Saturday, January 23, 2016

This Fine Group of People Called Teachers


Obviously, if you've been reading my facebook posts, I haven't seemed very happy to be in an educational conference the past two days.  In actuality, I have appreciated the information, the resources, research, practices and as usual, the opportunity to meet and network with other educators from around the Northwest.  And it always makes me so proud to see teachers, one of the hardest-working group of people I have ever known, take their own time to better their skills and increase their knowledge. 

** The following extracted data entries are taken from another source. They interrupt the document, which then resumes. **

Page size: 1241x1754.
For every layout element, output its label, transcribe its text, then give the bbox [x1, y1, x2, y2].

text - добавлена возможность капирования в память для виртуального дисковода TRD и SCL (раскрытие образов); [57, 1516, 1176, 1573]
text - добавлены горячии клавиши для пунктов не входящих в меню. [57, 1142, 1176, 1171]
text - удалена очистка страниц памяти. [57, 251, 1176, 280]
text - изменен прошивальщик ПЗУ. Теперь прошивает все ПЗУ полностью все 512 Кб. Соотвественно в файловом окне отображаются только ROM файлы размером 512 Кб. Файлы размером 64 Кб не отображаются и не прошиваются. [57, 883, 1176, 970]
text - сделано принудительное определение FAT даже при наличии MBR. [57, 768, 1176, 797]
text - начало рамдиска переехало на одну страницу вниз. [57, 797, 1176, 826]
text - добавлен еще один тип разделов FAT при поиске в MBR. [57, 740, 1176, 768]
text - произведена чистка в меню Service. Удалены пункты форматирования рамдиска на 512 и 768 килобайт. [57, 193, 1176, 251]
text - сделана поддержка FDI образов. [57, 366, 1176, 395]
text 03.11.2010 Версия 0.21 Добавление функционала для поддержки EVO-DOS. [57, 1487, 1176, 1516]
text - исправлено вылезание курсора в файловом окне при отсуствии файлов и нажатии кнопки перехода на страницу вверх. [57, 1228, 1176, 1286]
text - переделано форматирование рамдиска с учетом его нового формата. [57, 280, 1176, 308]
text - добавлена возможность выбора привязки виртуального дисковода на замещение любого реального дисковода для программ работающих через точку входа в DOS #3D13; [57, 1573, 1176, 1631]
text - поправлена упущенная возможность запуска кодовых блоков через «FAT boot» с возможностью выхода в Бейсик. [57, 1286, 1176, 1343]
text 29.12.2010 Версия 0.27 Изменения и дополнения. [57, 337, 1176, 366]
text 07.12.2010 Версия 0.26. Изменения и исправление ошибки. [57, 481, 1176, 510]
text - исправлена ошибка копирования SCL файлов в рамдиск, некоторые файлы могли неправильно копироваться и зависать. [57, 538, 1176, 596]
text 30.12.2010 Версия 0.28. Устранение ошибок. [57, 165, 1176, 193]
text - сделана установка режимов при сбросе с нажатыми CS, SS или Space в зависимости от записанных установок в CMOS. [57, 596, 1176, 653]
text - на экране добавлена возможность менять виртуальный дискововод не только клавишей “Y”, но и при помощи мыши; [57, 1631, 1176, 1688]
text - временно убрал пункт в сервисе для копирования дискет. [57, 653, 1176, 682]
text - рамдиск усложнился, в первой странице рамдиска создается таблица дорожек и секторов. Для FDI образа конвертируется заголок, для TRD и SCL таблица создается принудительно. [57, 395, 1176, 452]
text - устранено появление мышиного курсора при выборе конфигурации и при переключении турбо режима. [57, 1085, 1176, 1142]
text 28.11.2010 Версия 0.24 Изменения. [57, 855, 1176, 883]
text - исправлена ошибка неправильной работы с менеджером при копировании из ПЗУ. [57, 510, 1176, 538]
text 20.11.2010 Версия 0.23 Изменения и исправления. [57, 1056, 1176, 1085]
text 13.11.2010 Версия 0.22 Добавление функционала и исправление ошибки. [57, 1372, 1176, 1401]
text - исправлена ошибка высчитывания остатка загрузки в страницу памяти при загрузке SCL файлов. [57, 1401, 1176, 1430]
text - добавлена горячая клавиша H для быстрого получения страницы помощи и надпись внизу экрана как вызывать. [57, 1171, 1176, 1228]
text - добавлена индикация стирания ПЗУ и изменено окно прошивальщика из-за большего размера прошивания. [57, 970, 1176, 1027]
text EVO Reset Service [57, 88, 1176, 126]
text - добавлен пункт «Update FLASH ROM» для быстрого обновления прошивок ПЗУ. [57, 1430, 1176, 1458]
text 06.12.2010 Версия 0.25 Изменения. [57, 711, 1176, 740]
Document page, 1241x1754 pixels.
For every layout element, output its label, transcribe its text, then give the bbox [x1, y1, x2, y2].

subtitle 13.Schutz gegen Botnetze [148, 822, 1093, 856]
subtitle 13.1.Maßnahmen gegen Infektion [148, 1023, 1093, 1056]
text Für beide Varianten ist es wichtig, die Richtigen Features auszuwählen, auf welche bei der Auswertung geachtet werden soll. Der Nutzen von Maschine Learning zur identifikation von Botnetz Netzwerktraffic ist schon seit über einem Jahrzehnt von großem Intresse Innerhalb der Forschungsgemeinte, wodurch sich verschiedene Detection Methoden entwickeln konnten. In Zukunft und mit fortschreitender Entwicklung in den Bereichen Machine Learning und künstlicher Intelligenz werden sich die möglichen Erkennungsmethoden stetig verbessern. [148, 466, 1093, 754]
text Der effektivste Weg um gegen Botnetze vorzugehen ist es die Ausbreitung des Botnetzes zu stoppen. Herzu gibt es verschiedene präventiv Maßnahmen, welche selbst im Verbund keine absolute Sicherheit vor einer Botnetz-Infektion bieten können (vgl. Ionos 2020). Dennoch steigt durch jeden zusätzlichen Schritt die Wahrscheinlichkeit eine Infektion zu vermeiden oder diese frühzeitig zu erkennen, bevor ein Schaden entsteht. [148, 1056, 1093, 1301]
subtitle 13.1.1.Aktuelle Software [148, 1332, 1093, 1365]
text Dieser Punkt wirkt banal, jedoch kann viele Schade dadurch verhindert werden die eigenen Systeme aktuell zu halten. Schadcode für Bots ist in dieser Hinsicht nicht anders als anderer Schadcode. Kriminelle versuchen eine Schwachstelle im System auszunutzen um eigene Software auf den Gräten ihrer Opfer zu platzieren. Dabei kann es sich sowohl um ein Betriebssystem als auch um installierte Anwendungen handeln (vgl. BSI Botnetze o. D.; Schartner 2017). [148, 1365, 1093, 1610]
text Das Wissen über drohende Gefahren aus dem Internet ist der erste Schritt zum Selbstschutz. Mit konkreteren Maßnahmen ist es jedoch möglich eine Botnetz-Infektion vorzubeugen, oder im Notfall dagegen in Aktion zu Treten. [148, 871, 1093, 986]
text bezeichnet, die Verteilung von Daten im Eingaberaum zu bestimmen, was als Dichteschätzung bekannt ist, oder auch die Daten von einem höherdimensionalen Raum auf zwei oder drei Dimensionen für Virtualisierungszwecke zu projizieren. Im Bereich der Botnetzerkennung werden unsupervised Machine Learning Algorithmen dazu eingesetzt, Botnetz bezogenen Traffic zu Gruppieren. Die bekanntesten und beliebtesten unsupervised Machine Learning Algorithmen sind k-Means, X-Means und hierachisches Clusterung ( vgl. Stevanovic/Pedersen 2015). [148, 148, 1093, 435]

The title of this conference or "summit", was "When Struggling Readers Thrive... Dreams Come True" and for two days all I heard from the over 500 teachers around me was how to do things better so our kids can succeed.  As a teacher, married to a teacher, and the mother of a teacher, I can assure you that this is what good teachers do - on the weekends, throughout the summer, during lunch, in their dreams at night - we are constantly problem solving - How do we teach better?  How do we make the content more comprehensible?  How do we reach more kids in a deeper and longer lasting way?  It never stops.  

I’m not really trying to sing praises to the teaching profession, and I’m certainly not going to say that it is a thankless job with little recognition from those who make the laws and sign our dwindling paychecks, although it is.  All I want to say is that we are a fine group of people.  And that we are a fine group of people who are becoming an endangered species.  Fewer and fewer college students are graduating with teaching degrees and I’m hearing of more districts who are having to hire non-certified teachers in order to fill the gaps in their classrooms.  That is scary. 

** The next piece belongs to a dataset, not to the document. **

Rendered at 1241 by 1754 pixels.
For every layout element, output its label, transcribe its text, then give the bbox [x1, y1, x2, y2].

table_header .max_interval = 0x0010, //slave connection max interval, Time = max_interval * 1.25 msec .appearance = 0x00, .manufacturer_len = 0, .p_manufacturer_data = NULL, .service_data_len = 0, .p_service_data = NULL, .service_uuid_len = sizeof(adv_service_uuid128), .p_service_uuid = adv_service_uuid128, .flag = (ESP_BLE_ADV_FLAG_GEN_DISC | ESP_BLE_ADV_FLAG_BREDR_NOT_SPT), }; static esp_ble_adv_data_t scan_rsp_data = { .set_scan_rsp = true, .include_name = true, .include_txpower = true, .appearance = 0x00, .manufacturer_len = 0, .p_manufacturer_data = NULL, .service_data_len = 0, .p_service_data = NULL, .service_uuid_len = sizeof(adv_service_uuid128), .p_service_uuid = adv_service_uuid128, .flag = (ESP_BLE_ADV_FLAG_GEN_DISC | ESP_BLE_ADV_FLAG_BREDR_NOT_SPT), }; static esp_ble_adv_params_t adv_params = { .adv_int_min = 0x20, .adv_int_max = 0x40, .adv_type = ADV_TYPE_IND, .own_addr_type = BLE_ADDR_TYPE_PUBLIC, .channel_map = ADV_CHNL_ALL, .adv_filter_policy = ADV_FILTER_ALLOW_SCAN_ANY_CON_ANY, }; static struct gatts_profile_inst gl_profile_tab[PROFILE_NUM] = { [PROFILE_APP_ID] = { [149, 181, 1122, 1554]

I overheard one teacher say today that her district couldn’t even “scrape the bottom of the barrel”, that there simply weren’t any applicants for several of the positions in her district this year.  The word is getting out.  Teaching is becoming a dying profession, one that isn’t worth the price, or worth the stress and the effort to meet the growing expectations and demands of our society.  More pay might help, but I think even more than that, we need the joy brought back into our classrooms.  If the KIDS are burning out by second grade, what do you think is happening to the teachers? 


Not a day goes by that I wonder if there is another job I could do with my skills, education and talents.  I love what I do and I really can’t see myself doing anything else, but I feel a slippery slope imminent.  And I’m not sure how long I will be able to dig my heels in and hang on.